▶ _INSTRUCTIONS TO FOLLOW_
Go through the listing and repeat each entry exactly, but include no pictures.

▶ _TASK DATA_
↓

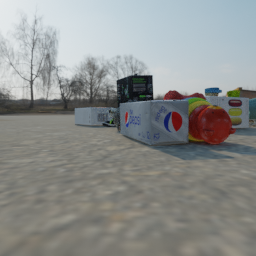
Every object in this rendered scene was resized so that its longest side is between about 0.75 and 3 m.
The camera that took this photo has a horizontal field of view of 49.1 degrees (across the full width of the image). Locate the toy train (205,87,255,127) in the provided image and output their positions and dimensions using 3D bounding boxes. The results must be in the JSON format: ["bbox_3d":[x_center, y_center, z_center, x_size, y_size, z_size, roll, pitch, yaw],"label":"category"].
[{"bbox_3d":[4.662,-0.903,12.195,2.909,1.683,1.231,-1,4,-5],"label":"toy train"}]

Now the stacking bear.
[{"bbox_3d":[1.575,-0.191,6.153,1.114,1.043,1.834,4,13,-15],"label":"stacking bear"}]

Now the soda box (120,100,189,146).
[{"bbox_3d":[0.488,-0.190,6.601,0.824,0.887,2.599,-2,4,-15],"label":"soda box"}]

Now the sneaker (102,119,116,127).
[{"bbox_3d":[-0.566,-0.336,12.409,1.283,0.531,0.460,-2,4,-33],"label":"sneaker"}]

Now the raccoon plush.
[{"bbox_3d":[0.486,-0.392,9.812,2.291,1.108,1.535,0,11,-1],"label":"raccoon plush"}]

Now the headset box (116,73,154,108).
[{"bbox_3d":[0.320,-1.439,13.961,1.168,2.518,2.192,-5,4,-20],"label":"headset box"}]

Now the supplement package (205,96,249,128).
[{"bbox_3d":[3.445,-0.574,10.644,2.107,1.198,1.154,-2,3,-30],"label":"supplement package"}]

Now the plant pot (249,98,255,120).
[{"bbox_3d":[8.120,-1.121,16.848,1.830,1.868,1.868,-8,1,15],"label":"plant pot"}]

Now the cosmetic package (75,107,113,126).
[{"bbox_3d":[-1.728,-0.588,14.006,1.217,0.855,2.399,-2,3,-29],"label":"cosmetic package"}]

↑

▶ _OUTPUT_
Every object in this rendered scene was resized so that its longest side is between about 0.75 and 3 m.
The camera that took this photo has a horizontal field of view of 49.1 degrees (across the full width of the image). Locate the toy train (205,87,255,127) in the provided image and output their positions and dimensions using 3D bounding boxes. The results must be in the JSON format: ["bbox_3d":[x_center, y_center, z_center, x_size, y_size, z_size, roll, pitch, yaw],"label":"category"].
[{"bbox_3d":[4.662,-0.903,12.195,2.909,1.683,1.231,-1,4,-5],"label":"toy train"}]

Now the stacking bear.
[{"bbox_3d":[1.575,-0.191,6.153,1.114,1.043,1.834,4,13,-15],"label":"stacking bear"}]

Now the soda box (120,100,189,146).
[{"bbox_3d":[0.488,-0.190,6.601,0.824,0.887,2.599,-2,4,-15],"label":"soda box"}]

Now the sneaker (102,119,116,127).
[{"bbox_3d":[-0.566,-0.336,12.409,1.283,0.531,0.460,-2,4,-33],"label":"sneaker"}]

Now the raccoon plush.
[{"bbox_3d":[0.486,-0.392,9.812,2.291,1.108,1.535,0,11,-1],"label":"raccoon plush"}]

Now the headset box (116,73,154,108).
[{"bbox_3d":[0.320,-1.439,13.961,1.168,2.518,2.192,-5,4,-20],"label":"headset box"}]

Now the supplement package (205,96,249,128).
[{"bbox_3d":[3.445,-0.574,10.644,2.107,1.198,1.154,-2,3,-30],"label":"supplement package"}]

Now the plant pot (249,98,255,120).
[{"bbox_3d":[8.120,-1.121,16.848,1.830,1.868,1.868,-8,1,15],"label":"plant pot"}]

Now the cosmetic package (75,107,113,126).
[{"bbox_3d":[-1.728,-0.588,14.006,1.217,0.855,2.399,-2,3,-29],"label":"cosmetic package"}]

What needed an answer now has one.